» ABOUT THIS EXERCISE: What is needed is the full set of records, word for word, with no pictures.

» PROVIDED DATA:
- Opening Delimiter -
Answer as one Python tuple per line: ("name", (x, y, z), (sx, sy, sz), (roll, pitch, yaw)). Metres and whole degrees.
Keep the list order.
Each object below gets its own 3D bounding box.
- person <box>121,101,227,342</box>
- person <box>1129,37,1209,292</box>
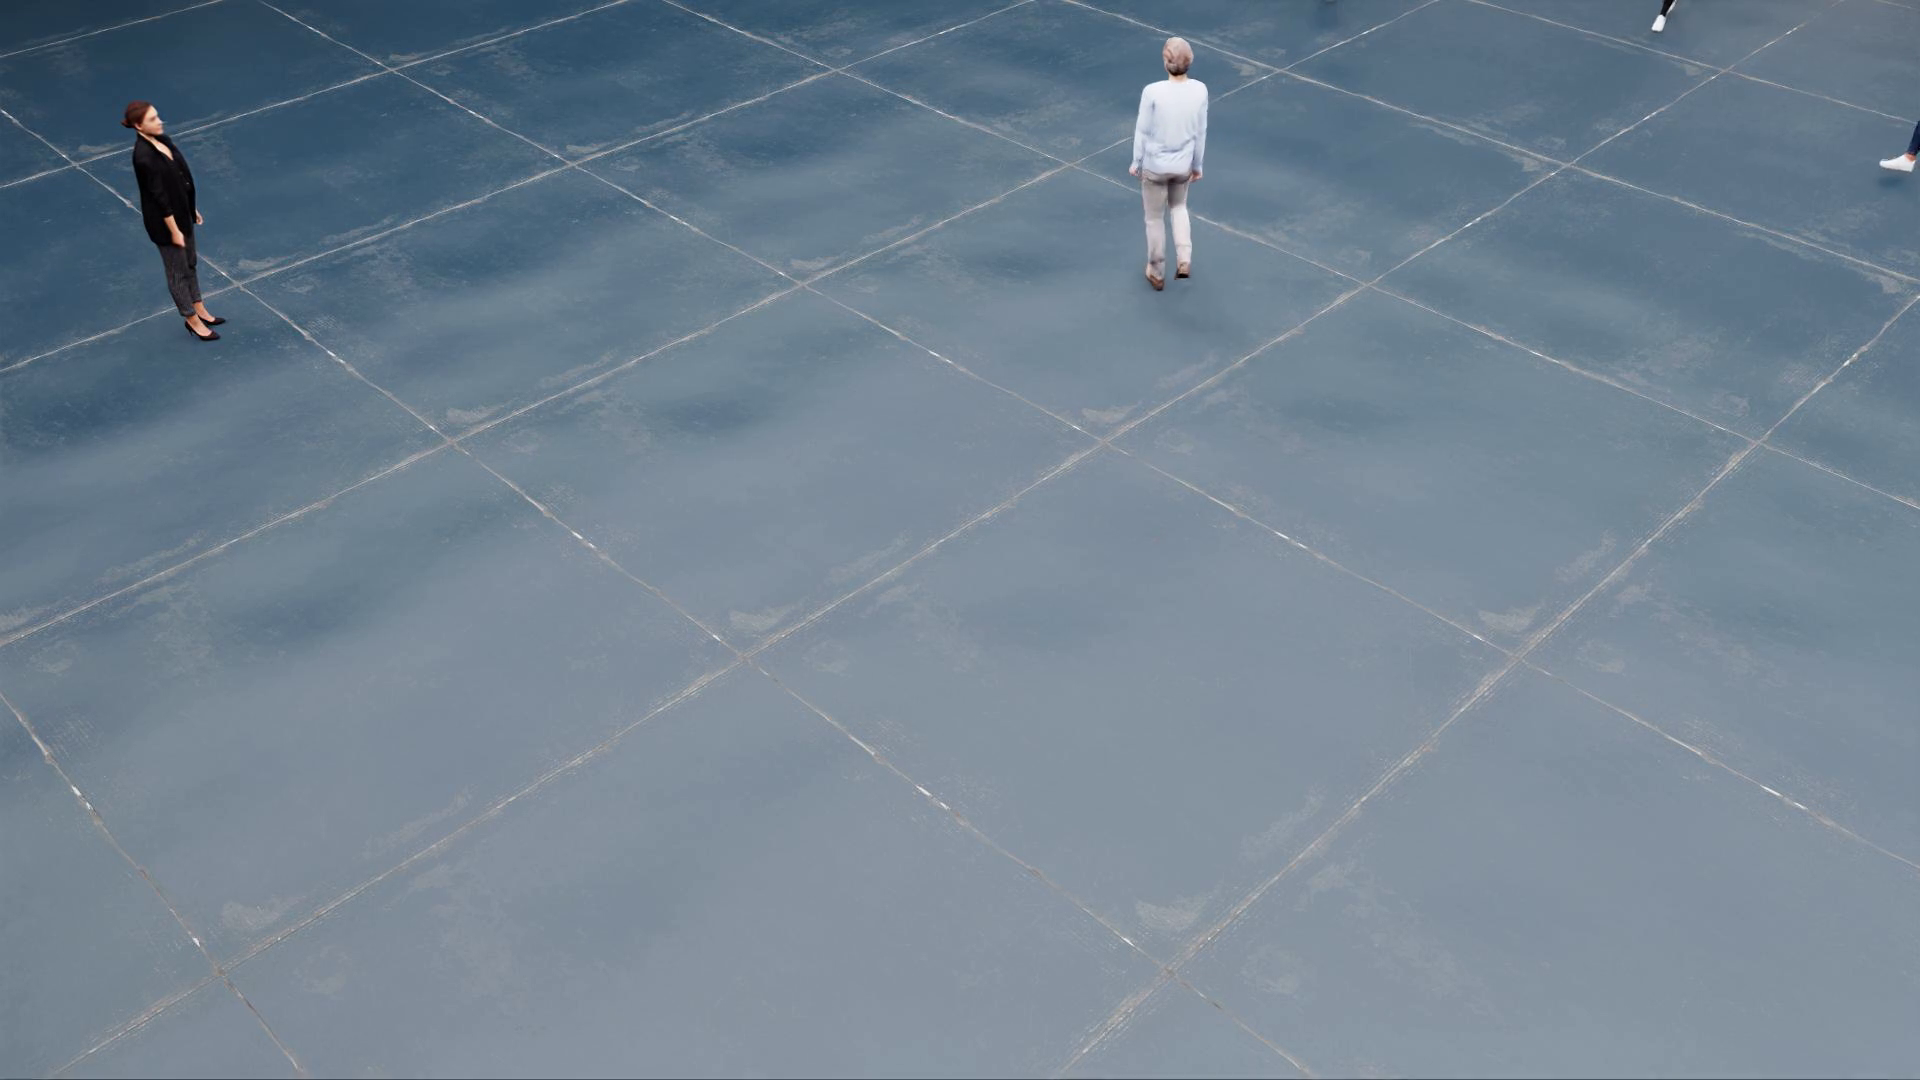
("person", (-5.423, -2.194, 11.431), (0.765, 1.719, 0.729), (-4, 37, -6))
("person", (1.509, -2.619, 11.858), (0.849, 1.879, 0.902), (-7, 38, -10))
- Closing Delimiter -
» SOLUTION TO THIS EXERCISE:
Answer as one Python tuple per line: ("name", (x, y, z), (sx, sy, sz), (roll, pitch, yaw)). Metres and whole degrees.
Keep the list order.
Each object below gets its own 3D bounding box.
- person <box>121,101,227,342</box>
- person <box>1129,37,1209,292</box>
("person", (-5.423, -2.194, 11.431), (0.765, 1.719, 0.729), (-4, 37, -6))
("person", (1.509, -2.619, 11.858), (0.849, 1.879, 0.902), (-7, 38, -10))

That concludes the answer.